Q: What are the implications of this study for company management?

A: The results of this study have implications for company management, including the need to consider the size of the company and audit opinion when planning the audit process. The study also highlights the importance of ensuring the completion of the audit on time to avoid audit delays.

Q: What are the implications of this study for investors?

A: The results of this study have implications for investors, including the need to assess the risk of audit delays and make more appropriate investment decisions. The study also highlights the importance of considering the size of the company and audit opinion when making investment decisions.

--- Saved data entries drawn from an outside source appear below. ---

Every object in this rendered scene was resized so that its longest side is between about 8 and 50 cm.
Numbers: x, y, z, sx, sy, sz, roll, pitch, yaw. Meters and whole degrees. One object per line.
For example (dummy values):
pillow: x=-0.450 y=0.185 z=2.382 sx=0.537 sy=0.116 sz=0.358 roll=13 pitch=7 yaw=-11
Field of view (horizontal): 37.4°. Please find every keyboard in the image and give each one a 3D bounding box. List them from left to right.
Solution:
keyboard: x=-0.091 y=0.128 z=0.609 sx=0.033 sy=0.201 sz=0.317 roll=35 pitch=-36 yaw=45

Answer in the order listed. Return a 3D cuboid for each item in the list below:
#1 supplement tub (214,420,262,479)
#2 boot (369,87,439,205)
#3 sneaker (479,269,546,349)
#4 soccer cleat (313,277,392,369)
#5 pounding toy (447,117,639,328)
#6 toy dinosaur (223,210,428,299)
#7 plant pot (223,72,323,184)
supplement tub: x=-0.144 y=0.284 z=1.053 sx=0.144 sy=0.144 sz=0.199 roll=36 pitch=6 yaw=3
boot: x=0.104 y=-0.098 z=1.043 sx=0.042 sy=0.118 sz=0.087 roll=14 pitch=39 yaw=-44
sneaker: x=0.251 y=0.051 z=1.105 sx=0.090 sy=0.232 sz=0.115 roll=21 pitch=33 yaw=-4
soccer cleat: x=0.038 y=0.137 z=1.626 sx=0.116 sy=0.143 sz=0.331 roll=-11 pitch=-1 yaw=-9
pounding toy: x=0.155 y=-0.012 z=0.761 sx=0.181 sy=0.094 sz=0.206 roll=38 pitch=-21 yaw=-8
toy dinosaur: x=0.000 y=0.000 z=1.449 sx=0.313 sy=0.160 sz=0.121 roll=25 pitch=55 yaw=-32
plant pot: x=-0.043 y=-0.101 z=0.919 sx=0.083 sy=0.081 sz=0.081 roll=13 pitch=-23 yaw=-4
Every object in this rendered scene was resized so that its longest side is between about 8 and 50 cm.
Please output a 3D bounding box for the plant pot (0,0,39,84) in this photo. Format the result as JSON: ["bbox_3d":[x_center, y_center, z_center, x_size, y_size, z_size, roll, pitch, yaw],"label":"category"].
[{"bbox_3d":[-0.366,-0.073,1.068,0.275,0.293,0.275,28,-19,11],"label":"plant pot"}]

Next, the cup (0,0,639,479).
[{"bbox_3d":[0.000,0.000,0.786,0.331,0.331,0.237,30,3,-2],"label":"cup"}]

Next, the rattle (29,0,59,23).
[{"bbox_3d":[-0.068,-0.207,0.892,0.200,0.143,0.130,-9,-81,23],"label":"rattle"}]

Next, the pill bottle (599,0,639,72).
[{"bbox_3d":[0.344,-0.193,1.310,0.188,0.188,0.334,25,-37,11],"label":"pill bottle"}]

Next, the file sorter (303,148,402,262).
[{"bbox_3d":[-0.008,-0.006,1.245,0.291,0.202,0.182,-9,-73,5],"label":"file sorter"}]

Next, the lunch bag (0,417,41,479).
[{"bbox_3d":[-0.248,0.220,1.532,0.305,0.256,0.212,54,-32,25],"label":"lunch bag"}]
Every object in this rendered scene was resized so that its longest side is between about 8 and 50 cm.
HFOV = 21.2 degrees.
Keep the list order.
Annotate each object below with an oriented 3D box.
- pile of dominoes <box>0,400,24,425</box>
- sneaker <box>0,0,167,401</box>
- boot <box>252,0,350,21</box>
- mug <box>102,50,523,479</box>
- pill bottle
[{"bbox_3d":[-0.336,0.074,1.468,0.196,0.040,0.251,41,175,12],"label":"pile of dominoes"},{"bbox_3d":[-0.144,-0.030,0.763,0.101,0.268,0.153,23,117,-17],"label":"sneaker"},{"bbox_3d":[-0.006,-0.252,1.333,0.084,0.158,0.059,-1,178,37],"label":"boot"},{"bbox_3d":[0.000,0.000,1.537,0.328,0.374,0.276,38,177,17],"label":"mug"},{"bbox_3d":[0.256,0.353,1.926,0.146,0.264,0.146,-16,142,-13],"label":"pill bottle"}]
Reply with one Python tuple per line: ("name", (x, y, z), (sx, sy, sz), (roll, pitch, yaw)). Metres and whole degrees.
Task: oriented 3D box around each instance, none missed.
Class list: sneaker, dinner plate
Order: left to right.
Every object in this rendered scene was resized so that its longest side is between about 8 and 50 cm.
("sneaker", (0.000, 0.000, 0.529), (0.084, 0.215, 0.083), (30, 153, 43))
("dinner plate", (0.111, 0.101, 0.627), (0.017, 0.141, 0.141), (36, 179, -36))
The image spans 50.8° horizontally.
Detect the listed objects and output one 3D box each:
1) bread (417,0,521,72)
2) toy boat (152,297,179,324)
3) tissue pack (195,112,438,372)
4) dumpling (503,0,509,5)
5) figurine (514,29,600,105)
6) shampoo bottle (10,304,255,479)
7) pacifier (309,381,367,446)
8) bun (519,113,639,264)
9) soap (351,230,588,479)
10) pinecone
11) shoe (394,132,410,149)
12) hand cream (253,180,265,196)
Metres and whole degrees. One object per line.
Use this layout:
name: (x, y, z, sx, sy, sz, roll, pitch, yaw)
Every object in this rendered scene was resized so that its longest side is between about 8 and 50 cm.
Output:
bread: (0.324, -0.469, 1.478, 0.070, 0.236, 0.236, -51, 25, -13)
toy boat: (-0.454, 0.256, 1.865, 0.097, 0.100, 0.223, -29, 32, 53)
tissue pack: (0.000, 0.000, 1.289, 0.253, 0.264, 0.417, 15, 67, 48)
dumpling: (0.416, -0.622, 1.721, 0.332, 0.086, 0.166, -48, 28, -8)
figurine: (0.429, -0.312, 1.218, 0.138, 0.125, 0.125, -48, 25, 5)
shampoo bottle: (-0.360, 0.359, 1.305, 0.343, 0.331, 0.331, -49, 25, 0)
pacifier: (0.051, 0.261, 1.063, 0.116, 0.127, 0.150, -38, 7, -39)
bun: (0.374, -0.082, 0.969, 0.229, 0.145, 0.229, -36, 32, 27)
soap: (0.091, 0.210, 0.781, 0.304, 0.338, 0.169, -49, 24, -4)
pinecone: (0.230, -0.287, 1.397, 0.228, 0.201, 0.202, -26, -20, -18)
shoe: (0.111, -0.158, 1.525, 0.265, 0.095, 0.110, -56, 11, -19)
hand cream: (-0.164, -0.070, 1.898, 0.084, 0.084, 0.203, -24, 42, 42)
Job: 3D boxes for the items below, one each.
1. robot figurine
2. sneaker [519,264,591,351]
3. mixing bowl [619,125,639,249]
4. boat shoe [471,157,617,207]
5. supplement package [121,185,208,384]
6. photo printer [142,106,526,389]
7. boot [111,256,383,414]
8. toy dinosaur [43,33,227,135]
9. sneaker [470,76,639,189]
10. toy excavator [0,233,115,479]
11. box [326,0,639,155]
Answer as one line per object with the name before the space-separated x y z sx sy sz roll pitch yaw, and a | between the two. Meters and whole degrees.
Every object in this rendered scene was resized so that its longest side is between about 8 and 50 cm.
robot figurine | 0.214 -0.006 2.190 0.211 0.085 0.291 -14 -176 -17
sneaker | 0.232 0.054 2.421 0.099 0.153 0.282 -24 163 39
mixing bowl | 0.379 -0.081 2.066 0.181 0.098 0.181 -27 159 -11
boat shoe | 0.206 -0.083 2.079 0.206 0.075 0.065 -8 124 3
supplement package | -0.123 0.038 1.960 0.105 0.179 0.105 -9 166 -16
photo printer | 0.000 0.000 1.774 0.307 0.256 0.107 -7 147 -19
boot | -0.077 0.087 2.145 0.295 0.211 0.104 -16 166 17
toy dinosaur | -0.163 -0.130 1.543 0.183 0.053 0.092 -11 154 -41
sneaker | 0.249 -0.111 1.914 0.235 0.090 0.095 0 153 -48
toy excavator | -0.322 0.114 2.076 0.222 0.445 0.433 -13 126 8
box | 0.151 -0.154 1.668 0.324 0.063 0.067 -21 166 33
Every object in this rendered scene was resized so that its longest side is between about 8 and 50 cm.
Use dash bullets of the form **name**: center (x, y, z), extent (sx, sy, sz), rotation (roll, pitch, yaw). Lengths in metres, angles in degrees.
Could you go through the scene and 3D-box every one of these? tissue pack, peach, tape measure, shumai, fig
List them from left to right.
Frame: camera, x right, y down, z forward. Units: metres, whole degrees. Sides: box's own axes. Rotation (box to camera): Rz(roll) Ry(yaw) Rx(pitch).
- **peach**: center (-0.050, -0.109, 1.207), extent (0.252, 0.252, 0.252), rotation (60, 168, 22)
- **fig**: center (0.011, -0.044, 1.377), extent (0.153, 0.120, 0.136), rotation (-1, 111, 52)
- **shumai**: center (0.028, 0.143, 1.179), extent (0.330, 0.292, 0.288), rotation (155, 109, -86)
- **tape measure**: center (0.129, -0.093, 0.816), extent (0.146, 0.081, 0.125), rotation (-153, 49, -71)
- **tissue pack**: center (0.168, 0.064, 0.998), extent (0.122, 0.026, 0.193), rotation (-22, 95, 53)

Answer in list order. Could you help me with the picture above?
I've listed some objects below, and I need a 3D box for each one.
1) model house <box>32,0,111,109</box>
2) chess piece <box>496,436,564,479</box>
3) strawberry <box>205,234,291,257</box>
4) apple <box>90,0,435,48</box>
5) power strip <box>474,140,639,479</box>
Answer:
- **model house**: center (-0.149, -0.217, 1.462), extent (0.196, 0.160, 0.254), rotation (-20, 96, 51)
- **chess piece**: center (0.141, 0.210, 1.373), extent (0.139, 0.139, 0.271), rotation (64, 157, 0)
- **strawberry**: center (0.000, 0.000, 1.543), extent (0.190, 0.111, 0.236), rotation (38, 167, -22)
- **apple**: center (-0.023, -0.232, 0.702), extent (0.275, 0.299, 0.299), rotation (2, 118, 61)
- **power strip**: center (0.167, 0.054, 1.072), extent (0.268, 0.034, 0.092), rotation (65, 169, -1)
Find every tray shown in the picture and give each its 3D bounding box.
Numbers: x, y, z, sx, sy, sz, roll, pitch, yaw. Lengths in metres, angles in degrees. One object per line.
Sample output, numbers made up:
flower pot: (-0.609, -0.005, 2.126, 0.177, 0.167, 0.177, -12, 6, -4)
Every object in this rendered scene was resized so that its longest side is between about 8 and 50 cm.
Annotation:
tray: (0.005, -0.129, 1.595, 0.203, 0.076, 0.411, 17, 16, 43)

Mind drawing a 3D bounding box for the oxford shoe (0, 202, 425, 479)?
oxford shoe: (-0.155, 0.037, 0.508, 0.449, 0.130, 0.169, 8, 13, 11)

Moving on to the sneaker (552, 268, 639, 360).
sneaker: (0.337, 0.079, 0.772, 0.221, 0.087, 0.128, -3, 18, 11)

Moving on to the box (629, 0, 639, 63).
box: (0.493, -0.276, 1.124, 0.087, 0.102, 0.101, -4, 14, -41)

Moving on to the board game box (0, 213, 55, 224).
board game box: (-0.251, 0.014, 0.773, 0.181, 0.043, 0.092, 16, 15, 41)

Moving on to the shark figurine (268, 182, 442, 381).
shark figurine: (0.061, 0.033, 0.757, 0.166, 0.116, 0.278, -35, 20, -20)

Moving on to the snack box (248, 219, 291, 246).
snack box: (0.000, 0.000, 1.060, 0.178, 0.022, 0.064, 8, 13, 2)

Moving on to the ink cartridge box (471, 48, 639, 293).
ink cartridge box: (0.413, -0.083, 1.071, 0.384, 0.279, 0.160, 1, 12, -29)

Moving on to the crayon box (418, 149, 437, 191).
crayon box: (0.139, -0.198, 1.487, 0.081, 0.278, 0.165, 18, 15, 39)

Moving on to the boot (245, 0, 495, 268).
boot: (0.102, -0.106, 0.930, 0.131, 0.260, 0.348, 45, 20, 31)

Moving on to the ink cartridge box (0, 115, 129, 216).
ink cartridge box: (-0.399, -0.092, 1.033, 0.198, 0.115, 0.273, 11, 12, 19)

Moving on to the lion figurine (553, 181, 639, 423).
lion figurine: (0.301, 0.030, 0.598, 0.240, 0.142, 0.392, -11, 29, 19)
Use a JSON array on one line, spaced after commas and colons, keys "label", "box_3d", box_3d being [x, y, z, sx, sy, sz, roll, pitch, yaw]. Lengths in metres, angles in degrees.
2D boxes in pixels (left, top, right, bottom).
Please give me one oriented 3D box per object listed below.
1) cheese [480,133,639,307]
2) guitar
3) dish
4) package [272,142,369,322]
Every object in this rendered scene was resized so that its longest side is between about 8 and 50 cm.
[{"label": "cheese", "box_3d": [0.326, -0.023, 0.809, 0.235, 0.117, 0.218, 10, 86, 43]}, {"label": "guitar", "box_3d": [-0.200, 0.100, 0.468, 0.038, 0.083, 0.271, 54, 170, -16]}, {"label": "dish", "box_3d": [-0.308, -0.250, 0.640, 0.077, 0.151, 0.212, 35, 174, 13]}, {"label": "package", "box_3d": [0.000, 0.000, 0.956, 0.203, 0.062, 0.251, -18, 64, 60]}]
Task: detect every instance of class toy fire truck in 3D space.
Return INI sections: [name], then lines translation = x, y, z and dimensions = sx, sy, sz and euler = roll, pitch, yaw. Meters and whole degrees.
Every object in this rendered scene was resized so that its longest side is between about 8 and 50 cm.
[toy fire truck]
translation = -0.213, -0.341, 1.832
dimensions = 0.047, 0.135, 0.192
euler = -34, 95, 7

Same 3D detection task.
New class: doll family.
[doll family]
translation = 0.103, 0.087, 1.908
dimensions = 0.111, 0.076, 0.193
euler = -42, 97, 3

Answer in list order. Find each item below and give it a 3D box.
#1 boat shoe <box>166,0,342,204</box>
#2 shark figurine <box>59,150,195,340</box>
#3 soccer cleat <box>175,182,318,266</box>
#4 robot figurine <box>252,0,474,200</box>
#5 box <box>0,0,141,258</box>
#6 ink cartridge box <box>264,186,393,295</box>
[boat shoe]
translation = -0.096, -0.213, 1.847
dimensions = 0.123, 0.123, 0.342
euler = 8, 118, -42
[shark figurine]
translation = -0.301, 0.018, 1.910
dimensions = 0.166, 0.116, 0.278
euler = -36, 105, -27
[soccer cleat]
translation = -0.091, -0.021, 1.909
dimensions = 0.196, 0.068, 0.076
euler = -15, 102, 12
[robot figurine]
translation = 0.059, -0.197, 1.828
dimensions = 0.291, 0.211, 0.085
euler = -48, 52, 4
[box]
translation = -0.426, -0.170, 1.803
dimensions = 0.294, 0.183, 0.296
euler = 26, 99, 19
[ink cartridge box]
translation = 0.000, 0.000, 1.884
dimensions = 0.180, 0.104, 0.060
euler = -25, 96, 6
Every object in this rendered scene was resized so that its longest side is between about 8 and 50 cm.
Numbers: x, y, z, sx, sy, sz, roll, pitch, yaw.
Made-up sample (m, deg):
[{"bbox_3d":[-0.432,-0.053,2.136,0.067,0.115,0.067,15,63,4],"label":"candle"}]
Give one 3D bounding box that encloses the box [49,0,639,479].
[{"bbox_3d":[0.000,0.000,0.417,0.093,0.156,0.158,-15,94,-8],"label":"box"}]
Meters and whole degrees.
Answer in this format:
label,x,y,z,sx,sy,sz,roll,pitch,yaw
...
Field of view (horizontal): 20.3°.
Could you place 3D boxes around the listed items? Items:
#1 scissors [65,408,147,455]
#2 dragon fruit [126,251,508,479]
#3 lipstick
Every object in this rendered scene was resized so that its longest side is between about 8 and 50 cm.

Q: What are the implications of this study for the Indonesia Stock Exchange?

A: The results of this study have implications for the Indonesia Stock Exchange, including the need to consider the size of the company and audit opinion when listing companies on the exchange. The study also highlights the importance of ensuring the completion of the audit on time to avoid audit delays.

Note: The above article is a Q&A article that answers common questions about the effect of company size, profitability, audit opinion, and auditor's reputation on audit delay in banking companies listed on the Indonesia Stock Exchange. The article is divided into sections, with headings and subheadings to make it easier to read and understand.